■ What to work on
Search the entries for the word "right" and pull out each line that has it.

■ Data provided
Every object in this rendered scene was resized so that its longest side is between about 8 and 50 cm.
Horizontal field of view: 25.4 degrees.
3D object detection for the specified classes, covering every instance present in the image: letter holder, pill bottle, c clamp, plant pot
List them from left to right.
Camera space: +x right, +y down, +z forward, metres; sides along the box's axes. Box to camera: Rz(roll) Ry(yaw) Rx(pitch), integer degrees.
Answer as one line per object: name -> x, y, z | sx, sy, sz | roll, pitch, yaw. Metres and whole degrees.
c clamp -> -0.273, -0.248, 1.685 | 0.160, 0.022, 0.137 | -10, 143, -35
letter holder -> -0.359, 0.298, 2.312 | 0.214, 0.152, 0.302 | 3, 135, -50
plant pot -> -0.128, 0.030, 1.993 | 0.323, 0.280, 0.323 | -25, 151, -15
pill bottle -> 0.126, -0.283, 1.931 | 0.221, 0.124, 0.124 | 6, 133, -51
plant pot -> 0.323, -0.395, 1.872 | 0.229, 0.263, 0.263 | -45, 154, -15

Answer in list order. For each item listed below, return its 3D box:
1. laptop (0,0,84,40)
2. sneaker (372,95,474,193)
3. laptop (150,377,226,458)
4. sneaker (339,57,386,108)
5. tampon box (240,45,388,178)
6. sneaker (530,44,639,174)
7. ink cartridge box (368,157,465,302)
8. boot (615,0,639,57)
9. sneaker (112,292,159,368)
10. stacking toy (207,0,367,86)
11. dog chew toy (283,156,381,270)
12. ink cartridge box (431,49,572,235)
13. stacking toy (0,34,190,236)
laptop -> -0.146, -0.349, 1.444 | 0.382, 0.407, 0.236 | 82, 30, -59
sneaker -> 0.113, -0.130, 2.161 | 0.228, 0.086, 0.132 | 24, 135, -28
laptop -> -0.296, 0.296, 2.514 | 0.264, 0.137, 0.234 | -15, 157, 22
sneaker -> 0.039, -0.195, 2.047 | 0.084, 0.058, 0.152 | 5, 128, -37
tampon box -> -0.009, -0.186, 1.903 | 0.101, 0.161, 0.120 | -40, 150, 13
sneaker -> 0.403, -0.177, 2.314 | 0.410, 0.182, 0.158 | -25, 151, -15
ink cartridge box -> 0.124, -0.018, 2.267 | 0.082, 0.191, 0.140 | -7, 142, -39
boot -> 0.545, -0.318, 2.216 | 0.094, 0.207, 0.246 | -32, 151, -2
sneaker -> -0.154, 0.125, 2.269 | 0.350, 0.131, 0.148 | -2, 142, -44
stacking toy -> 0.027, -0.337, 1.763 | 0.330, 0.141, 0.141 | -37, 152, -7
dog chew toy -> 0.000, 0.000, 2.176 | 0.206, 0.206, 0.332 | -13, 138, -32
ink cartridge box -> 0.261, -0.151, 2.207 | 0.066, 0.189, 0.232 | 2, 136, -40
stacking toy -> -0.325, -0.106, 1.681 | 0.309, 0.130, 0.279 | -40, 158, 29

■ Result of the exercise
List them from left to right.
Camera space: +x right, +y down, +z forward, metres; sides along the box's axes. Box to camera: Rz(roll) Ry(yaw) Rx(pitch), integer degrees.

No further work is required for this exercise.